Elliott Gray reveals a rig on which he has landed 100 per cent of the carp he has hooked on it – perfect if you want to land big carp from challenging waters.

As autumn turned to winter, and with a game plan for the lake I was going to be fishing, I began to look at something new with regard to a pop-up rig.

I was going to be fishing over bait, but small items and therefore the rig would need to be a lot different to my usual chod, hinge or Withy Pool rigs. I love both of these presentations but they absolutely would not do the job required. 

I was going to be using small PVA bags and small hook baits and therefore needed a pop-up presentation a little different to my usual.
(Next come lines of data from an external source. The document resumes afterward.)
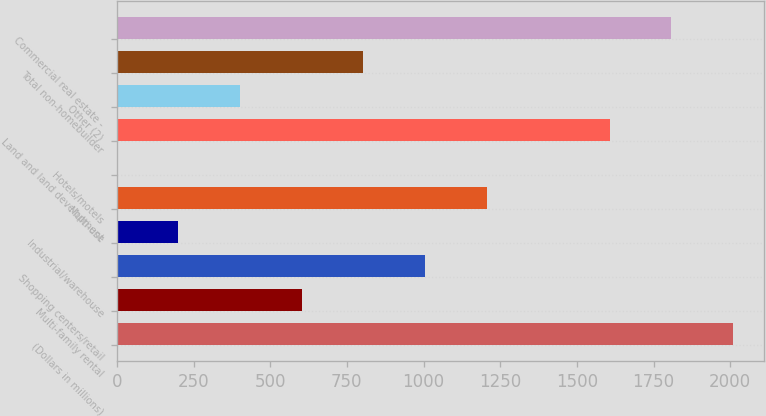Convert chart to OTSL. <chart><loc_0><loc_0><loc_500><loc_500><bar_chart><fcel>(Dollars in millions)<fcel>Multi-family rental<fcel>Shopping centers/retail<fcel>Industrial/warehouse<fcel>Multi-use<fcel>Hotels/motels<fcel>Land and land development<fcel>Other (2)<fcel>Total non-homebuilder<fcel>Commercial real estate -<nl><fcel>2009<fcel>602.75<fcel>1004.53<fcel>200.97<fcel>1205.42<fcel>0.08<fcel>1607.2<fcel>401.86<fcel>803.64<fcel>1808.09<nl></chart> 
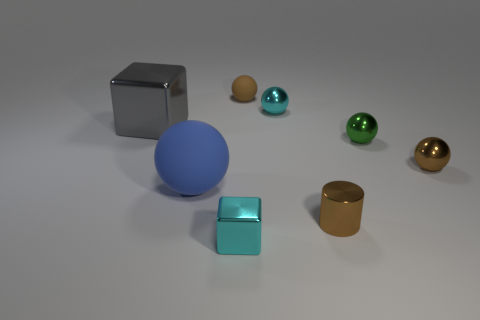Do the blue rubber ball and the shiny block that is behind the blue rubber sphere have the same size?
Offer a very short reply. Yes. There is a cyan metal object that is in front of the large gray thing; what shape is it?
Your answer should be compact. Cube. Are there any blue balls in front of the cyan shiny object in front of the tiny cyan metallic object behind the large cube?
Your answer should be very brief. No. What is the material of the big blue object that is the same shape as the small matte object?
Your response must be concise. Rubber. Is there any other thing that has the same material as the tiny brown cylinder?
Your answer should be very brief. Yes. What number of spheres are tiny green shiny things or large green things?
Your response must be concise. 1. Does the object that is on the left side of the big rubber ball have the same size as the cyan shiny object that is behind the big shiny block?
Provide a succinct answer. No. What is the cyan thing that is to the right of the small cyan thing that is in front of the big gray cube made of?
Ensure brevity in your answer.  Metal. Is the number of large blue balls left of the green shiny thing less than the number of big gray cubes?
Keep it short and to the point. No. There is a small green thing that is the same material as the tiny cylinder; what is its shape?
Offer a very short reply. Sphere. 
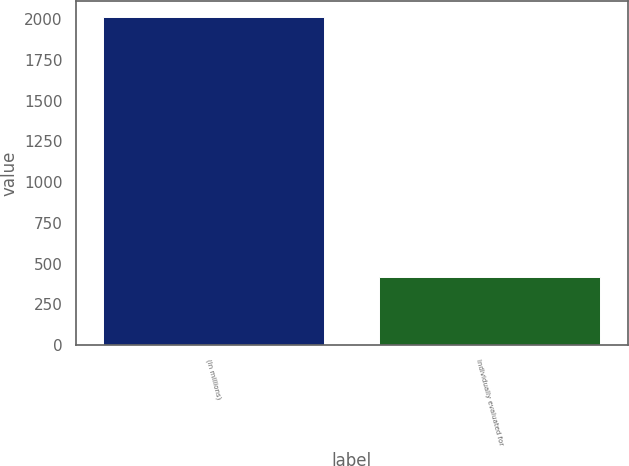Convert chart. <chart><loc_0><loc_0><loc_500><loc_500><bar_chart><fcel>(In millions)<fcel>Individually evaluated for<nl><fcel>2011<fcel>421<nl></chart> 
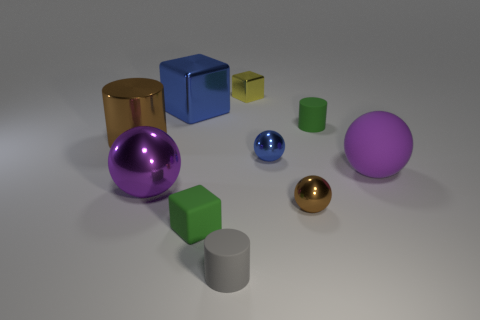Subtract all balls. How many objects are left? 6 Add 2 gray cylinders. How many gray cylinders exist? 3 Subtract 1 purple balls. How many objects are left? 9 Subtract all small green matte things. Subtract all small green blocks. How many objects are left? 7 Add 8 green matte blocks. How many green matte blocks are left? 9 
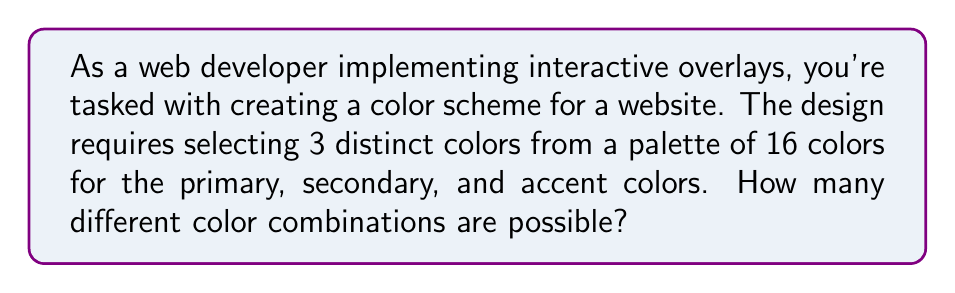Could you help me with this problem? Let's approach this step-by-step:

1) We are selecting 3 distinct colors from 16 available colors.

2) The order of selection matters because each color has a specific role (primary, secondary, accent).

3) This scenario is a permutation problem, specifically a permutation without repetition.

4) The formula for permutations without repetition is:

   $$P(n,r) = \frac{n!}{(n-r)!}$$

   Where $n$ is the total number of items to choose from, and $r$ is the number of items being chosen.

5) In this case, $n = 16$ (total colors) and $r = 3$ (colors we're selecting).

6) Plugging these values into our formula:

   $$P(16,3) = \frac{16!}{(16-3)!} = \frac{16!}{13!}$$

7) Expanding this:
   
   $$\frac{16 * 15 * 14 * 13!}{13!}$$

8) The $13!$ cancels out in the numerator and denominator:

   $$16 * 15 * 14 = 3360$$

Therefore, there are 3360 possible color combinations for the website's color scheme.
Answer: 3360 
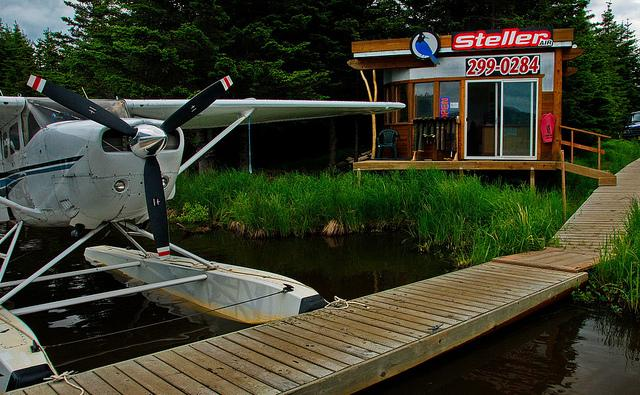What rhymes with the name of the store and is found on the vehicle? Please explain your reasoning. propeller. The only word that can be the possible answer is "a" when it comes to rhyming. 
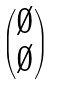Convert formula to latex. <formula><loc_0><loc_0><loc_500><loc_500>\begin{pmatrix} \emptyset \\ \emptyset \end{pmatrix}</formula> 
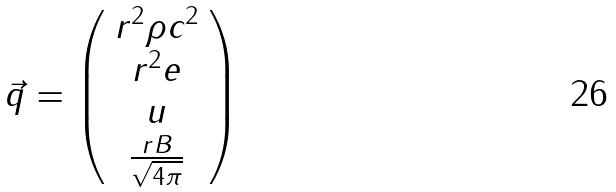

The rig had to be subtle and the pop-up section very short in order to be used over the top of the bits and pieces I would be fishing over and avoid foul-hookers, which is definitely an issue when spodding bait over the top of pop-ups, particularly if the baits are small.

One day after work I sat in my front room and began playing around with what I had in the tackle box. I had recently acquired some 15lb semi-stiff N-Trap from work and this was to be the hook link, with the slight extra rigidity in comparison to the N-Trap Soft that I normally use. I hoped this might help a little to ensure that the bag didn’t land too close to the lead. Just in case the rig was to land in a little heap because of the bag, I would position a small piece of putty around about the middle of the hook link, which is something I do with all my rigs these days. 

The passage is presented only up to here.